**Task details**
Below is a listing; restate from it, character for character, the lines beginning at the line holding "layer by layer" and ending at the line holding "(27842.61, -10052.34), dxfattribs=at)", both included.
Start of Dataset records
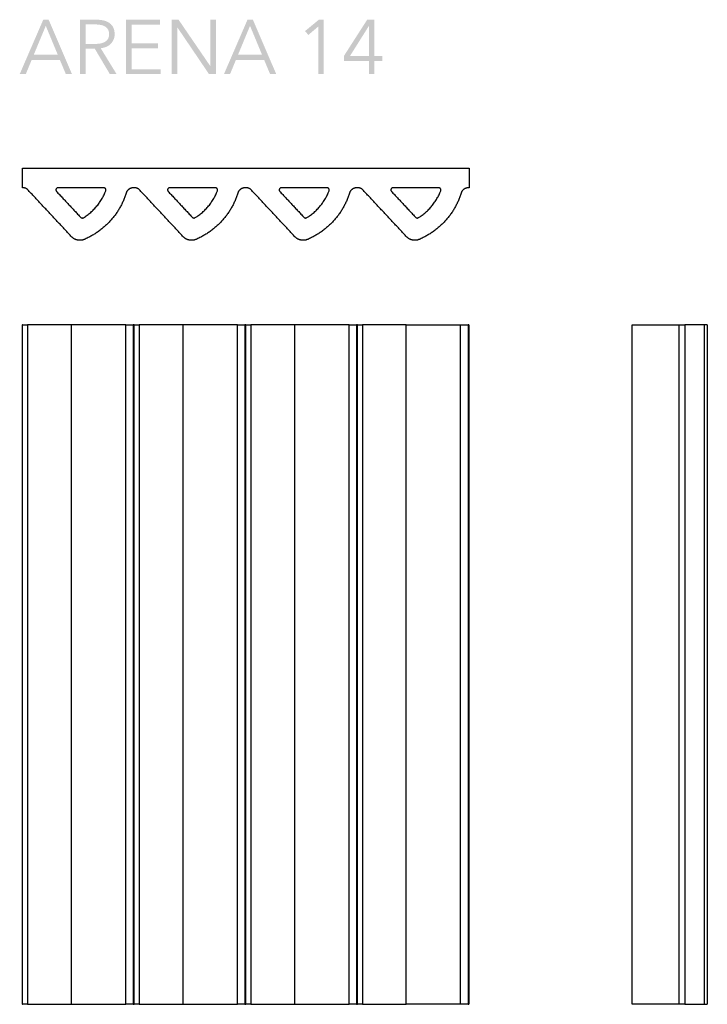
# Model space of a CAD drawing. Header units: millimetres. Extents: x 27636 to 28479, y -10436 to -9375.
# Tile 1 of 12: x 27636 to 27952, y -10436 to -9984. Entities that reach past the tile are written whole.
import ezdxf

# ---------------------------------------------------------------- set-up
doc = ezdxf.new("R2010")
doc.units = ezdxf.units.MM
doc.layers.add('CERAMICA_FERRES', color=7, linetype='Continuous', true_color=0x000000)

msp = doc.modelspace()

# ---------------------------------------------------------------- hatches: boundary and pattern name
at = {"layer": 'CERAMICA_FERRES'}
h = msp.add_hatch(color=256, dxfattribs=at)
h.paths.add_polyline_path([(27636.3, -10009.17), (27639.09, -10009.17), (27641.81, -10002.6), (27654.73, -10002.6), (27657.49, -10009.17), (27660.31, -10009.17), (27649.58, -9984.17), (27647.11, -9984.17)], flags=0)
h.paths.add_polyline_path([(27648.27, -9986.99), (27642.76, -10000.27), (27653.78, -10000.27)], flags=0)
h = msp.add_hatch(color=256, dxfattribs=at)
h.paths.add_polyline_path([(27673.48, -9997.27), (27673.82, -9997.23), (27673.99, -9997.2), (27674.16, -9997.18), (27674.32, -9997.15), (27674.49, -9997.11), (27674.65, -9997.08), (27674.81, -9997.04), (27674.97, -9997), (27675.12, -9996.96), (27675.28, -9996.91), (27675.43, -9996.86), (27675.58, -9996.81), (27675.73, -9996.75), (27675.88, -9996.69), (27676.03, -9996.63), (27676.17, -9996.57), (27676.31, -9996.51), (27676.45, -9996.44), (27676.59, -9996.37), (27676.72, -9996.29), (27676.86, -9996.22), (27676.98, -9996.14), (27677.11, -9996.06), (27677.24, -9995.97), (27677.36, -9995.88), (27677.48, -9995.8), (27677.6, -9995.7), (27677.71, -9995.61), (27677.82, -9995.51), (27677.93, -9995.41), (27678.04, -9995.31), (27678.14, -9995.2), (27678.25, -9995.1), (27678.34, -9994.99), (27678.44, -9994.88), (27678.53, -9994.76), (27678.62, -9994.65), (27678.71, -9994.53), (27678.8, -9994.4), (27678.88, -9994.28), (27678.96, -9994.16), (27679.04, -9994.03), (27679.11, -9993.9), (27679.18, -9993.76), (27679.25, -9993.63), (27679.32, -9993.49), (27679.38, -9993.35), (27679.44, -9993.21), (27679.5, -9993.06), (27679.55, -9992.92), (27679.6, -9992.77), (27679.64, -9992.62), (27679.68, -9992.47), (27679.72, -9992.31), (27679.75, -9992.16), (27679.78, -9992), (27679.81, -9991.84), (27679.83, -9991.68), (27679.84, -9991.52), (27679.86, -9991.35), (27679.87, -9991.18), (27679.87, -9991.01), (27679.87, -9990.84), (27679.87, -9990.62), (27679.86, -9990.39), (27679.85, -9990.17), (27679.84, -9989.96), (27679.81, -9989.75), (27679.79, -9989.55), (27679.75, -9989.34), (27679.72, -9989.15), (27679.67, -9988.96), (27679.63, -9988.77), (27679.57, -9988.59), (27679.52, -9988.41), (27679.46, -9988.23), (27679.39, -9988.06), (27679.35, -9987.98), (27679.32, -9987.9), (27679.28, -9987.82), (27679.24, -9987.74), (27679.16, -9987.58), (27679.07, -9987.43), (27678.98, -9987.28), (27678.89, -9987.13), (27678.79, -9986.99), (27678.69, -9986.85), (27678.59, -9986.71), (27678.48, -9986.58), (27678.36, -9986.46), (27678.24, -9986.33), (27678.12, -9986.21), (27678, -9986.1), (27677.87, -9985.98), (27677.73, -9985.88), (27677.6, -9985.77), (27677.46, -9985.67), (27677.31, -9985.57), (27677.16, -9985.48), (27677.01, -9985.39), (27676.86, -9985.3), (27676.7, -9985.22), (27676.54, -9985.14), (27676.37, -9985.06), (27676.2, -9984.99), (27676.03, -9984.92), (27675.86, -9984.85), (27675.68, -9984.79), (27675.5, -9984.73), (27675.31, -9984.67), (27675.12, -9984.62), (27674.93, -9984.57), (27674.74, -9984.52), (27674.34, -9984.44), (27673.93, -9984.37), (27673.52, -9984.31), (27673.1, -9984.26), (27672.67, -9984.22), (27672.23, -9984.19), (27671.78, -9984.17), (27671.33, -9984.17), (27663.99, -9984.17), (27663.99, -10009.17), (27666.53, -10009.17), (27666.53, -9997.48), (27670.76, -9997.48), (27677.69, -10009.17), (27680.79, -10009.17)], flags=0)
h.paths.add_polyline_path([(27666.53, -9995.29), (27670.94, -9995.29), (27671.32, -9995.29), (27671.69, -9995.27), (27672.04, -9995.25), (27672.39, -9995.22), (27672.72, -9995.18), (27673.05, -9995.14), (27673.36, -9995.08), (27673.51, -9995.05), (27673.66, -9995.01), (27673.81, -9994.98), (27673.95, -9994.94), (27674.09, -9994.9), (27674.23, -9994.86), (27674.36, -9994.81), (27674.5, -9994.77), (27674.63, -9994.72), (27674.75, -9994.67), (27674.88, -9994.61), (27675, -9994.56), (27675.12, -9994.5), (27675.24, -9994.44), (27675.35, -9994.38), (27675.46, -9994.31), (27675.57, -9994.25), (27675.67, -9994.18), (27675.77, -9994.11), (27675.87, -9994.04), (27675.97, -9993.96), (27676.06, -9993.88), (27676.15, -9993.81), (27676.24, -9993.72), (27676.32, -9993.64), (27676.4, -9993.55), (27676.48, -9993.47), (27676.55, -9993.38), (27676.62, -9993.28), (27676.68, -9993.19), (27676.75, -9993.09), (27676.81, -9992.99), (27676.86, -9992.89), (27676.92, -9992.79), (27676.97, -9992.68), (27677.01, -9992.58), (27677.06, -9992.47), (27677.1, -9992.36), (27677.14, -9992.24), (27677.17, -9992.12), (27677.2, -9992.01), (27677.23, -9991.89), (27677.25, -9991.76), (27677.27, -9991.64), (27677.29, -9991.51), (27677.31, -9991.38), (27677.32, -9991.25), (27677.33, -9991.12), (27677.33, -9990.98), (27677.33, -9990.84), (27677.33, -9990.69), (27677.33, -9990.54), (27677.32, -9990.39), (27677.3, -9990.25), (27677.29, -9990.11), (27677.27, -9989.97), (27677.24, -9989.84), (27677.22, -9989.7), (27677.19, -9989.58), (27677.15, -9989.45), (27677.12, -9989.33), (27677.07, -9989.21), (27677.05, -9989.15), (27677.03, -9989.09), (27677.01, -9989.03), (27676.98, -9988.98), (27676.96, -9988.92), (27676.93, -9988.87), (27676.9, -9988.81), (27676.87, -9988.76), (27676.81, -9988.65), (27676.75, -9988.55), (27676.69, -9988.45), (27676.62, -9988.36), (27676.55, -9988.26), (27676.48, -9988.17), (27676.4, -9988.08), (27676.33, -9987.99), (27676.25, -9987.91), (27676.16, -9987.82), (27676.08, -9987.74), (27675.99, -9987.67), (27675.89, -9987.59), (27675.8, -9987.52), (27675.7, -9987.45), (27675.6, -9987.38), (27675.5, -9987.32), (27675.39, -9987.25), (27675.29, -9987.19), (27675.17, -9987.14), (27675.06, -9987.08), (27674.94, -9987.03), (27674.82, -9986.97), (27674.7, -9986.92), (27674.58, -9986.88), (27674.45, -9986.83), (27674.32, -9986.79), (27674.19, -9986.75), (27674.05, -9986.71), (27673.91, -9986.67), (27673.77, -9986.64), (27673.62, -9986.61), (27673.33, -9986.55), (27673.03, -9986.5), (27672.72, -9986.46), (27672.4, -9986.42), (27672.07, -9986.39), (27671.74, -9986.37), (27671.4, -9986.36), (27671.05, -9986.36), (27666.53, -9986.36)], flags=0)
for points in [[(27701.06, -10006.91), (27687.68, -10006.91), (27687.68, -9997.27), (27699.79, -9997.27), (27699.79, -9995.04), (27687.68, -9995.04), (27687.68, -9986.43), (27700.64, -9986.43), (27700.64, -9984.17), (27685.14, -9984.17), (27685.14, -10009.17), (27701.06, -10009.17)], [(27723.84, -10005.46), (27723.77, -10005.46), (27709.22, -9984.17), (27706.04, -9984.17), (27706.04, -10009.17), (27708.58, -10009.17), (27708.58, -9987.67), (27708.65, -9987.67), (27723.2, -10009.17), (27726.38, -10009.17), (27726.38, -9984.17), (27723.84, -9984.17)], [(27773.34, -10009.17), (27775.88, -10009.17), (27775.88, -9984.17), (27773.62, -9984.17), (27767.27, -9989.4), (27768.82, -9991.16), (27773.34, -9987.31)]]:
    msp.add_hatch(color=256, dxfattribs=at).paths.add_polyline_path(points, flags=0)
h = msp.add_hatch(color=256, dxfattribs=at)
h.paths.add_polyline_path([(27730.05, -10009.17), (27732.84, -10009.17), (27735.56, -10002.6), (27748.48, -10002.6), (27751.24, -10009.17), (27754.06, -10009.17), (27743.33, -9984.17), (27740.86, -9984.17)], flags=0)
h.paths.add_polyline_path([(27742.02, -9986.99), (27736.51, -10000.27), (27747.53, -10000.27)], flags=0)
h = msp.add_hatch(color=256, dxfattribs=at)
h.paths.add_polyline_path([(27802.79, -10000.91), (27799.12, -10000.91), (27799.12, -9984.17), (27795.8, -9984.17), (27785.21, -10000.66), (27785.21, -10003.13), (27796.65, -10003.13), (27796.65, -10009.17), (27799.12, -10009.17), (27799.12, -10003.13), (27802.79, -10003.13)], flags=0)
h.paths.add_polyline_path([(27796.65, -10000.91), (27796.65, -9987.03), (27796.58, -9987.03), (27787.86, -10000.91)], flags=0)

# ---------------------------------------------------------------- linework, layer by layer
msp.add_line((27637.61, -10052.34), (27842.61, -10052.34), dxfattribs=at)
for points in [[(27637.61, -10124.25), (27637.44, -10124.25)], [(27637.44, -10124.25), (27637.44, -10436.25)], [(27637.61, -10124.25), (27639.89, -10124.25)], [(27637.61, -10436.25), (27637.61, -10124.25)], [(27659.95, -10124.25), (27639.89, -10124.25)], [(27639.89, -10124.25), (27639.89, -10436.25)], [(27684.95, -10124.25), (27659.95, -10124.25)], [(27659.95, -10124.25), (27659.95, -10436.25)], [(27684.95, -10124.25), (27688.39, -10124.25)], [(27684.95, -10436.25), (27684.95, -10124.25)], [(27688.86, -10124.25), (27688.39, -10124.25)], [(27688.39, -10124.25), (27688.39, -10436.25)], [(27688.86, -10124.25), (27691.14, -10124.25)], [(27688.86, -10436.25), (27688.86, -10124.25)], [(27711.2, -10124.25), (27691.14, -10124.25)], [(27691.14, -10124.25), (27691.14, -10436.25)], [(27736.2, -10124.25), (27711.2, -10124.25)], [(27711.2, -10124.25), (27711.2, -10436.25)], [(27736.2, -10124.25), (27739.64, -10124.25)], [(27736.2, -10436.25), (27736.2, -10124.25)], [(27740.11, -10124.25), (27739.64, -10124.25)], [(27739.64, -10124.25), (27739.64, -10436.25)], [(27740.11, -10124.25), (27742.39, -10124.25)], [(27740.11, -10436.25), (27740.11, -10124.25)], [(27762.45, -10124.25), (27742.39, -10124.25)], [(27742.39, -10124.25), (27742.39, -10436.25)], [(27787.45, -10124.25), (27762.45, -10124.25)], [(27762.45, -10124.25), (27762.45, -10436.25)], [(27787.45, -10124.25), (27790.89, -10124.25)], [(27787.45, -10436.25), (27787.45, -10124.25)], [(27791.36, -10124.25), (27790.89, -10124.25)], [(27790.89, -10124.25), (27790.89, -10436.25)], [(27791.36, -10124.25), (27793.64, -10124.25)], [(27791.36, -10436.25), (27791.36, -10124.25)], [(27813.7, -10124.25), (27793.64, -10124.25)], [(27793.64, -10124.25), (27793.64, -10436.25)], [(27813.7, -10436.25), (27813.7, -10124.25)], [(27813.7, -10124.25), (27838.7, -10124.25)], [(27838.7, -10124.25), (27842.14, -10124.25)], [(27838.7, -10436.25), (27838.7, -10124.25)], [(27842.44, -10124.25), (27842.14, -10124.25)], [(27842.14, -10124.25), (27842.14, -10436.25)], [(27842.44, -10124.25), (27842.44, -10436.25)], [(27917.39, -10436.25), (27917.39, -10124.25)], [(27917.39, -10124.25), (27939.02, -10124.25)], [(27939.02, -10124.25), (27940.82, -10124.25), (27941.35, -10124.25), (27941.48, -10124.25), (27941.51, -10124.25), (27941.51, -10124.25), (27941.52, -10124.25), (27941.52, -10124.25), (27941.52, -10124.25), (27941.52, -10124.25)], [(27939.02, -10436.25), (27939.02, -10124.25)], [(27950.52, -10124.25), (27941.52, -10124.25)], [(27941.52, -10124.25), (27941.52, -10436.25)], [(27950.52, -10124.25), (27950.52, -10436.25)], [(27951.91, -10124.25), (27951.91, -10124.25), (27951.91, -10124.25), (27951.91, -10124.25), (27951.9, -10124.25), (27951.9, -10124.25), (27951.88, -10124.25), (27951.82, -10124.25), (27951.54, -10124.25), (27950.52, -10124.25)], [(27951.91, -10124.25), (27951.91, -10436.25)], [(27637.44, -10436.25), (27637.61, -10436.25)], [(27639.89, -10436.25), (27637.61, -10436.25)], [(27639.89, -10436.25), (27659.95, -10436.25)], [(27659.95, -10436.25), (27684.95, -10436.25)], [(27688.39, -10436.25), (27684.95, -10436.25)], [(27688.39, -10436.25), (27688.86, -10436.25)], [(27691.14, -10436.25), (27688.86, -10436.25)], [(27691.14, -10436.25), (27711.2, -10436.25)], [(27711.2, -10436.25), (27736.2, -10436.25)], [(27739.64, -10436.25), (27736.2, -10436.25)], [(27739.64, -10436.25), (27740.11, -10436.25)], [(27742.39, -10436.25), (27740.11, -10436.25)], [(27742.39, -10436.25), (27762.45, -10436.25)], [(27762.45, -10436.25), (27787.45, -10436.25)], [(27790.89, -10436.25), (27787.45, -10436.25)], [(27790.89, -10436.25), (27791.36, -10436.25)], [(27793.64, -10436.25), (27791.36, -10436.25)], [(27793.64, -10436.25), (27813.7, -10436.25)], [(27838.7, -10436.25), (27813.7, -10436.25)], [(27842.14, -10436.25), (27838.7, -10436.25)], [(27842.14, -10436.25), (27842.44, -10436.25)], [(27939.02, -10436.25), (27917.39, -10436.25)], [(27941.52, -10436.25), (27941.52, -10436.25), (27941.52, -10436.25), (27941.52, -10436.25), (27941.51, -10436.25), (27941.51, -10436.25), (27941.48, -10436.25), (27941.35, -10436.25), (27940.82, -10436.25), (27939.02, -10436.25)], [(27941.52, -10436.25), (27950.52, -10436.25)], [(27950.52, -10436.25), (27951.54, -10436.25), (27951.82, -10436.25), (27951.88, -10436.25), (27951.9, -10436.25), (27951.9, -10436.25), (27951.91, -10436.25), (27951.91, -10436.25), (27951.91, -10436.25), (27951.91, -10436.25)]]:
    msp.add_lwpolyline(points, dxfattribs=at)
for points in [[(27637.61, -10061.34), (27637.61, -10056.84), (27637.61, -10052.34)], [(27842.61, -10052.34), (27842.61, -10056.84), (27842.61, -10061.34)], [(27637.79, -10061.34), (27637.7, -10061.34), (27637.61, -10061.34)], [(27660.13, -10083.83), (27650.1, -10073.08), (27640.07, -10062.32)], [(27653.18, -10063.01), (27658.73, -10068.96), (27664.27, -10074.9)], [(27674.84, -10061.34), (27664.39, -10061.34), (27653.94, -10061.34)], [(27711.38, -10083.83), (27701.35, -10073.08), (27691.32, -10062.32)], [(27704.43, -10063.01), (27709.98, -10068.96), (27715.52, -10074.9)], [(27726.09, -10061.34), (27715.64, -10061.34), (27705.19, -10061.34)], [(27762.63, -10083.83), (27752.6, -10073.08), (27742.57, -10062.32)], [(27755.68, -10063.01), (27761.23, -10068.96), (27766.77, -10074.9)], [(27777.34, -10061.34), (27766.89, -10061.34), (27756.44, -10061.34)], [(27813.88, -10083.83), (27803.85, -10073.08), (27793.82, -10062.32)], [(27806.93, -10063.01), (27812.48, -10068.96), (27818.02, -10074.9)], [(27828.59, -10061.34), (27818.14, -10061.34), (27807.69, -10061.34)], [(27842.61, -10061.34), (27842.46, -10061.34), (27842.31, -10061.34)]]:
    msp.add_open_spline(points, degree=2, dxfattribs=at)
for points, weights in [([(27640.07, -10062.32), (27639.15, -10061.34), (27637.79, -10061.34)], [1, 0.914614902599, 1]), ([(27688.56, -10061.34), (27685.89, -10061.34), (27685.13, -10063.84)], [1, 0.802154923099, 1]), ([(27691.32, -10062.32), (27690.4, -10061.34), (27689.04, -10061.34)], [1, 0.9146149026, 1]), ([(27739.81, -10061.34), (27737.14, -10061.34), (27736.38, -10063.84)], [1, 0.802154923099, 1]), ([(27742.57, -10062.32), (27741.65, -10061.34), (27740.29, -10061.34)], [1, 0.914614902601, 1]), ([(27791.06, -10061.34), (27788.39, -10061.34), (27787.63, -10063.84)], [1, 0.8021549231, 1]), ([(27793.82, -10062.32), (27792.9, -10061.34), (27791.54, -10061.34)], [1, 0.914614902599, 1]), ([(27842.31, -10061.34), (27839.64, -10061.34), (27838.88, -10063.84)], [1, 0.802154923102, 1]), ([(27664.27, -10074.9), (27664.85, -10075.52), (27665.58, -10075.07)], [1, 0.765224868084, 1])]:
    msp.add_rational_spline(points, weights, degree=2, dxfattribs=at)
for points, weights, knots in [([(27653.94, -10061.34), (27653.27, -10061.34), (27653.01, -10061.94), (27652.74, -10062.53), (27653.18, -10063.01)], [1, 0.837951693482, 1, 0.837951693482, 1], [64.655336, 64.655336, 64.655336, 65.957904, 65.957904, 67.260471, 67.260471, 67.260471]), ([(27665.58, -10075.07), (27672.84, -10070.57), (27675.8, -10062.69), (27675.99, -10062.2), (27675.68, -10061.77), (27675.37, -10061.34), (27674.84, -10061.34)], [1, 0.947225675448, 1, 0.886693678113, 1, 0.886693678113, 1], [20.355336, 20.355336, 20.355336, 41.625053, 41.625053, 42.946399, 42.946399, 44.267744, 44.267744, 44.267744]), ([(27705.19, -10061.34), (27704.52, -10061.34), (27704.26, -10061.94), (27703.99, -10062.53), (27704.43, -10063.01)], [1, 0.837951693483, 1, 0.837951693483, 1], [64.371601, 64.371601, 64.371601, 65.674169, 65.674169, 66.976737, 66.976737, 66.976737]), ([(27715.52, -10074.9), (27716.1, -10075.52), (27716.83, -10075.07), (27724.09, -10070.57), (27727.05, -10062.69), (27727.24, -10062.2), (27726.93, -10061.77), (27726.62, -10061.34), (27726.09, -10061.34)], [1, 0.765224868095, 1, 0.947225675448, 1, 0.886693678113, 1, 0.886693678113, 1], [18.67279, 18.67279, 18.67279, 20.744604, 20.744604, 41.415696, 41.415696, 42.699853, 42.699853, 43.98401, 43.98401, 43.98401]), ([(27756.44, -10061.34), (27755.77, -10061.34), (27755.51, -10061.94), (27755.24, -10062.53), (27755.68, -10063.01)], [1, 0.837951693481, 1, 0.837951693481, 1], [64.371601, 64.371601, 64.371601, 65.674169, 65.674169, 66.976737, 66.976737, 66.976737]), ([(27766.77, -10074.9), (27767.35, -10075.52), (27768.08, -10075.07), (27775.34, -10070.57), (27778.3, -10062.69), (27778.49, -10062.2), (27778.18, -10061.77), (27777.87, -10061.34), (27777.34, -10061.34)], [1, 0.765224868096, 1, 0.947225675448, 1, 0.886693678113, 1, 0.886693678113, 1], [18.67279, 18.67279, 18.67279, 20.744604, 20.744604, 41.415696, 41.415696, 42.699853, 42.699853, 43.98401, 43.98401, 43.98401]), ([(27807.69, -10061.34), (27807.02, -10061.34), (27806.76, -10061.94), (27806.49, -10062.53), (27806.93, -10063.01)], [1, 0.837951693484, 1, 0.837951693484, 1], [64.371601, 64.371601, 64.371601, 65.674169, 65.674169, 66.976737, 66.976737, 66.976737]), ([(27818.02, -10074.9), (27818.6, -10075.52), (27819.33, -10075.07), (27826.59, -10070.57), (27829.55, -10062.69), (27829.74, -10062.2), (27829.43, -10061.77), (27829.12, -10061.34), (27828.59, -10061.34)], [1, 0.765224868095, 1, 0.947225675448, 1, 0.886693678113, 1, 0.886693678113, 1], [18.67279, 18.67279, 18.67279, 20.744604, 20.744604, 41.415696, 41.415696, 42.699853, 42.699853, 43.98401, 43.98401, 43.98401]), ([(27685.13, -10063.84), (27680.56, -10078.73), (27666, -10085.03), (27662.62, -10086.5), (27660.13, -10083.83)], [1, 0.908553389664, 1, 0.810872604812, 1], [432.887782, 432.887782, 432.887782, 461.607682, 461.607682, 468.275687, 468.275687, 468.275687]), ([(27736.38, -10063.84), (27731.81, -10078.73), (27717.25, -10085.03), (27713.87, -10086.5), (27711.38, -10083.83)], [1, 0.908553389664, 1, 0.810872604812, 1], [360.092773, 360.092773, 360.092773, 388.812673, 388.812673, 395.480679, 395.480679, 395.480679]), ([(27787.63, -10063.84), (27783.06, -10078.73), (27768.5, -10085.03), (27765.12, -10086.5), (27762.63, -10083.83)], [1, 0.908553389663, 1, 0.810872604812, 1], [287.297765, 287.297765, 287.297765, 316.017664, 316.017664, 322.68567, 322.68567, 322.68567]), ([(27838.88, -10063.84), (27834.31, -10078.73), (27819.75, -10085.03), (27816.37, -10086.5), (27813.88, -10083.83)], [1, 0.908553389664, 1, 0.810872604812, 1], [214.502756, 214.502756, 214.502756, 243.222656, 243.222656, 249.890662, 249.890662, 249.890662])]:
    msp.add_rational_spline(points, weights, degree=2, knots=knots, dxfattribs=at)
for points, knots in [([(27689.04, -10061.34), (27688.95, -10061.34), (27688.86, -10061.34), (27688.71, -10061.34), (27688.56, -10061.34)], [427.2112432, 427.2112432, 427.2112432, 427.3850258, 427.3850258, 427.6770532, 427.6770532, 427.6770532]), ([(27740.29, -10061.34), (27740.2, -10061.34), (27740.11, -10061.34), (27739.96, -10061.34), (27739.81, -10061.34)], [354.4162346, 354.4162346, 354.4162346, 354.5900172, 354.5900172, 354.8820447, 354.8820447, 354.8820447]), ([(27791.54, -10061.34), (27791.45, -10061.34), (27791.36, -10061.34), (27791.21, -10061.34), (27791.06, -10061.34)], [281.621226, 281.621226, 281.621226, 281.7950086, 281.7950086, 282.0870361, 282.0870361, 282.0870361])]:
    msp.add_open_spline(points, degree=2, knots=knots, dxfattribs=at)

doc.saveas('drawing.dxf')
End of Dataset records
**Answer space**
# ---------------------------------------------------------------- linework, layer by layer
msp.add_line((27637.61, -10052.34), (27842.61, -10052.34), dxfattribs=at)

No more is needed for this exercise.